Researchers also found that satiety lasts longer when eating minimally processed foods. Blood tests showed those on a minimally processed diet produced more of a hormone called PPY, which makes you feel full, and less of a hormone called ghrelin, which stimulates appetite. The participants eating an ultraprocessed diet also ate more quickly and consumed far more carbohydrates than their healthy eating counterparts.

An astounding 60% of the food Americans eat is ultraprocessed and these foods account for 90% of the added sugar consumption in the United States. When it comes to processed foods, weight gain isn’t the only scary side effect.
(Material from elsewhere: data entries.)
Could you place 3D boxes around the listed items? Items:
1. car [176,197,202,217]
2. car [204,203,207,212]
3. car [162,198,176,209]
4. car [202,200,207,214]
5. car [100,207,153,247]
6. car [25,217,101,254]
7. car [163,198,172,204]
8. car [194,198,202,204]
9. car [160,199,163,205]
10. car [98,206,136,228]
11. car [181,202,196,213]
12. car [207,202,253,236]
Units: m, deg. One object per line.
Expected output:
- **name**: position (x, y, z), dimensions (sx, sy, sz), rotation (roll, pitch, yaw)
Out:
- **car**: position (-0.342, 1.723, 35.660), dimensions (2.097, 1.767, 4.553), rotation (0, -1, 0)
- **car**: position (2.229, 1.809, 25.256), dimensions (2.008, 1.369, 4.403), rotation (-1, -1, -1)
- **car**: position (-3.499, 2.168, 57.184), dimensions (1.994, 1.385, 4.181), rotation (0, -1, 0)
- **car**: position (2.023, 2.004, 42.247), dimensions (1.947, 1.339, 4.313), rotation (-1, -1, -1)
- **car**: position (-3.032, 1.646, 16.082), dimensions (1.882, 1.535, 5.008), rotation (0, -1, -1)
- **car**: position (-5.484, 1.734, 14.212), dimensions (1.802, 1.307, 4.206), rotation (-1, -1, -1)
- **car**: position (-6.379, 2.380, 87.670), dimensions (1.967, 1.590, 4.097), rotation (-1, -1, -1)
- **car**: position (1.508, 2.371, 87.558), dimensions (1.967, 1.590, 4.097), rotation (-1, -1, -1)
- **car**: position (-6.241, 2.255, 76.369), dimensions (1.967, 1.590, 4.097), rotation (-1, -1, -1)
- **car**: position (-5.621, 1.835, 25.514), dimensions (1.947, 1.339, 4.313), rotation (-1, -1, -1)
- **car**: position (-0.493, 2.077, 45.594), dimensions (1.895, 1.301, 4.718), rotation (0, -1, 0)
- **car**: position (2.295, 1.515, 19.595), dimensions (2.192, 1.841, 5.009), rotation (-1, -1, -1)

These foods are also linked to diabetes, cancer and other serious health issues.

Just in case you aren’t sure which foods to stay away from, here’s a general definition of ultraprocessed food:

• Ingredients that are not traditionally used in cooking.

• Unnaturally high amounts of sugar, salt, processed industrial oils and unhealthy fats.

• Artificial flavors, colors, sweeteners and other additives that imitate sensorial qualities of unprocessed or minimally processed foods (examples include additives that create textures and pleasing mouth-feel).

• Processing aids such as carbonating, firming, bulking, antibulking, defoaming, anticaking, glazing agents, emulsifiers, sequestrants and humectants.

• Preservatives and chemicals that impart an unnaturally long shelf-life.

• Genetically engineered ingredients which, in addition to carrying potential health risks, also tend to be heavily contaminated with toxic herbicides such as glyphosate, 2,4-D and dicamba.